ATHENS, Ga. -- Mark Richt delivered the bad news on Sunday when he confirmed that tailback Keith Marshall and receiver Justin Scott-Wesley would join wideout Malcolm Mitchell on the season-ending injury list.

With receiver Michael Bennett (knee) out and All-SEC tailback Todd Gurley (ankle) questionable for Saturday's game against No. 25 Missouri (5-0, 1-0 SEC), No. 7 Georgia (4-1, 3-0) has little time to identify the personnel who must play larger roles in order to hang with a Tigers offense that ranks among the nation's most productive units.

Here are four groups/trends to watch as the Bulldogs move forward:

Freshman tailbacks: With Georgia's two star backs both possibly out Saturday, it's certainly possible we will see another heavy dose of true freshmen J.J. Green -- who rushed for 129 yards last Saturday against Tennessee -- and Brendan Douglas at tailback.

[+] EnlargeBrendan Douglas
Jim Brown/USA TODAY SportsBrendan Douglas and fellow freshman J.J. Green likely will be asked to shoulder more of the load.
That isn't necessarily a scary proposition for the Bulldogs, who have seen the young duo perform well in practice and in spot duty up until last Saturday's overtime win.

“We see those guys in practice, and they do a great job of breaking tackles or shaking guys or breaking loose for touchdowns against a great defense,” offensive guard Chris Burnette said. “Seeing them do that in practice, we know they're capable of doing that in a game.”

The larger question is what happens if Gurley is unable to play Saturday. If one of the top running backs in the nation remains unable to go as the week progresses -- and he once again did not practice on Monday -- Georgia's coaches might have to take a longer look this week at freshman A.J. Turman.

He seemed like a certain redshirt candidate a week ago, but Richt's staff must determine whether the two freshmen who already have played and walk-ons Kyle Karempelis and Brandon Harton would be enough to carry the load without Gurley and Marshall.

“A lot may depend on how Gurley's doing,” Richt said. “If Gurley comes back and you've got the other two, you don't normally have to go three backs. But if Gurley can't go, then we've got to try to figure out what we're going to do. We've got Harton and Karempelis that have played for us before, so those are possibilities. We've just got to kind of try to figure that out.

Wild cards: Speaking of Turman, he's not the only newcomer who has not played yet and still might or might not make an impact this fall.

Receivers Tramel Terry and Jonathon Rumph -- Georgia's second- and sixth-highest-rated 2013 signees in ESPN's player rankings -- have not played to date but still could factor into offensive coordinator Mike Bobo's plans ... eventually.

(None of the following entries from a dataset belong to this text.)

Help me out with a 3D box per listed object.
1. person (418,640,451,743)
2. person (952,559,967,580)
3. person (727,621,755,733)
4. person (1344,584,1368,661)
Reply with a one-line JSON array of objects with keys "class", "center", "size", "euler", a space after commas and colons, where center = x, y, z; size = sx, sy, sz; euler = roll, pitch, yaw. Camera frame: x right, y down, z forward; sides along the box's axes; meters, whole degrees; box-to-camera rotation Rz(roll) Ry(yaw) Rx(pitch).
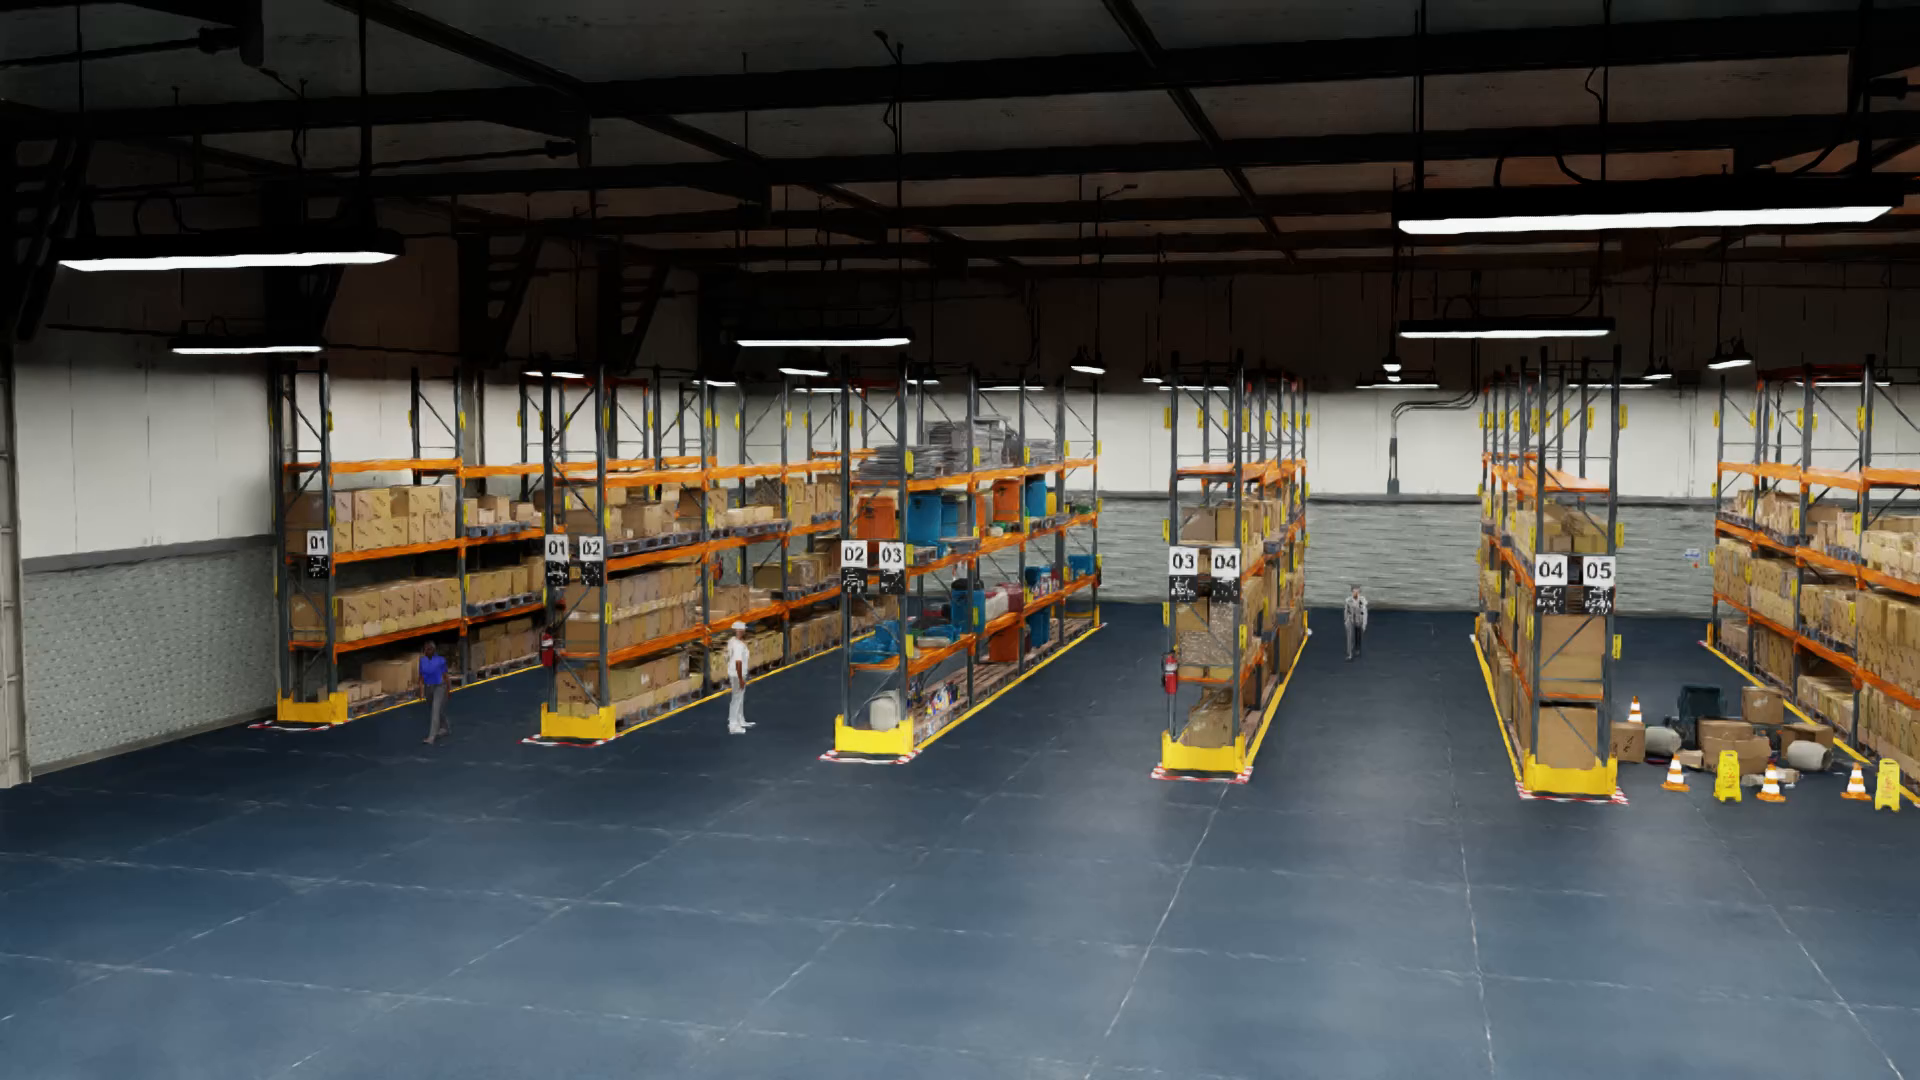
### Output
[{"class": "person", "center": [-8.222, 2.333, 25.931], "size": [0.450, 1.572, 1.089], "euler": [1, 4, 12]}, {"class": "person", "center": [0.112, 1.061, 42.835], "size": [0.677, 1.742, 0.552], "euler": [1, 4, 13]}, {"class": "person", "center": [-3.520, 2.176, 26.764], "size": [0.464, 1.772, 0.645], "euler": [-1, 4, -13]}, {"class": "person", "center": [8.266, 1.693, 34.713], "size": [0.488, 1.590, 1.089], "euler": [1, 4, 13]}]

Richt said "it's very doubtful that [Rumph would] be ready" for the Missouri game while still dealing with a left hamstring strain, but "after that, we're going to definitely try to get him ready."

Meanwhile, Terry struggled during preseason practice while still recovering from offseason ACL surgery and seemed set to redshirt this season. But because of the receiver attrition, the freshman might be someone the coaches eventually consider.

“I just think the longer he practices coming back from his injury, the better he'll be,” Richt said. “Is he really ready for this type of competition? I don't know.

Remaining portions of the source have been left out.